YOUR OBJECTIVE: Keep every word the same. Repeat the records without their images.
### DATA UNDER STUDY
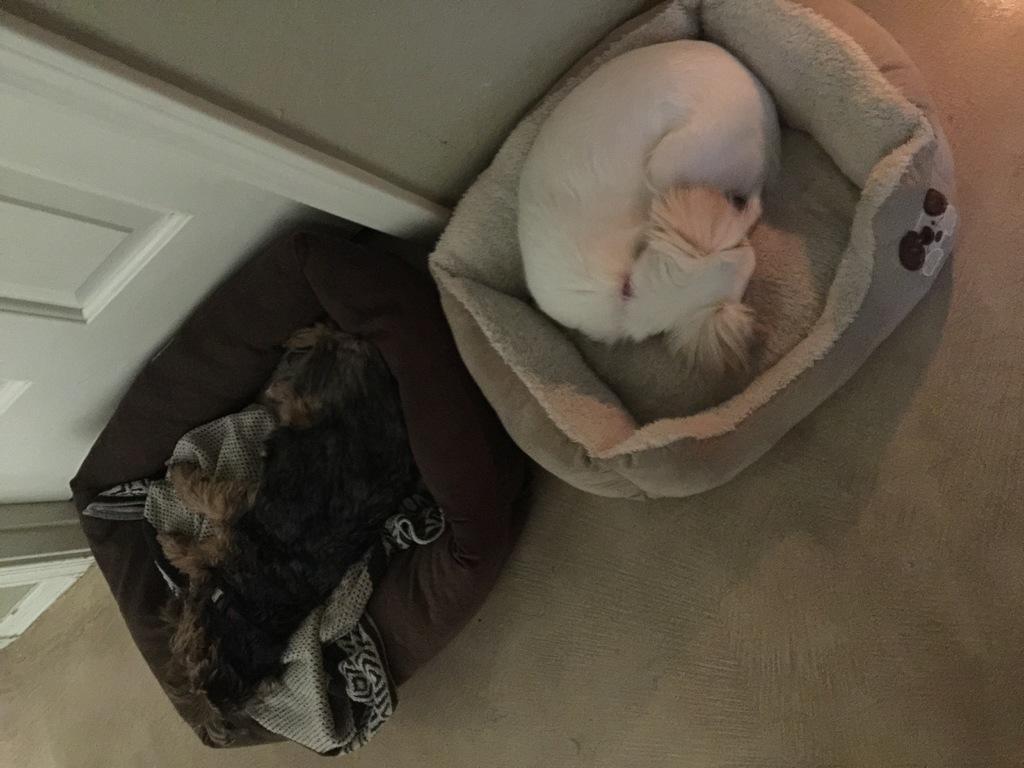Describe this image in one or two sentences. In this image we can see the dogs lying on the dog beds which are on the floor. In the background we can see the wall and also the door. 
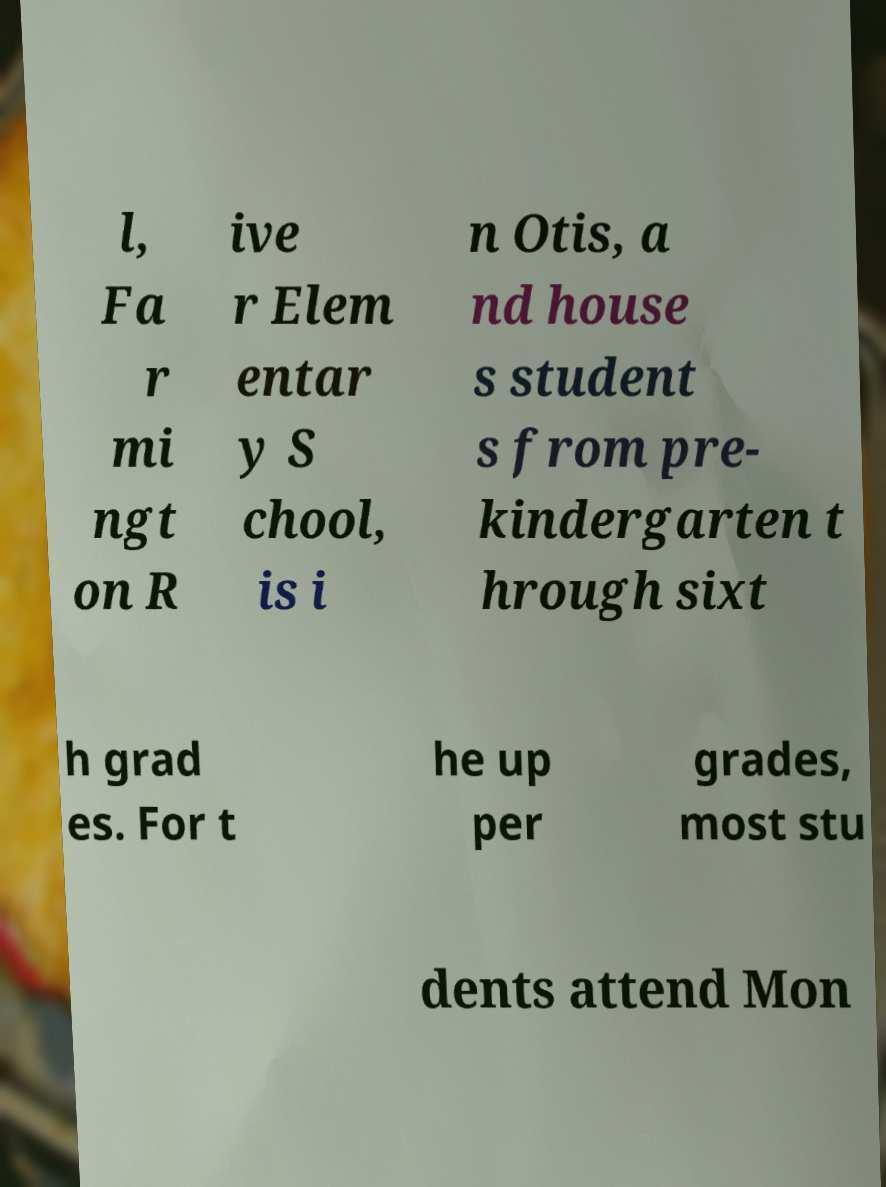Could you extract and type out the text from this image? l, Fa r mi ngt on R ive r Elem entar y S chool, is i n Otis, a nd house s student s from pre- kindergarten t hrough sixt h grad es. For t he up per grades, most stu dents attend Mon 
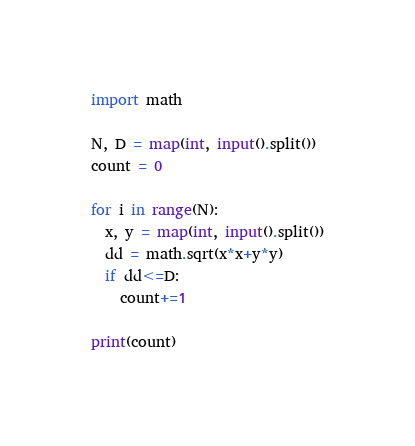<code> <loc_0><loc_0><loc_500><loc_500><_Python_>import math

N, D = map(int, input().split())
count = 0

for i in range(N):
  x, y = map(int, input().split())
  dd = math.sqrt(x*x+y*y)
  if dd<=D:
    count+=1

print(count)</code>
######
WRITTEN RESPONSE:
Describe this image in one or two sentences. In this image we can see the dogs lying on the dog beds which are on the floor. In the background we can see the wall and also the door. 
Could you extract and type out the text from this image? l, Fa r mi ngt on R ive r Elem entar y S chool, is i n Otis, a nd house s student s from pre- kindergarten t hrough sixt h grad es. For t he up per grades, most stu dents attend Mon 
<code> <loc_0><loc_0><loc_500><loc_500><_Python_>import math

N, D = map(int, input().split())
count = 0

for i in range(N):
  x, y = map(int, input().split())
  dd = math.sqrt(x*x+y*y)
  if dd<=D:
    count+=1

print(count)</code>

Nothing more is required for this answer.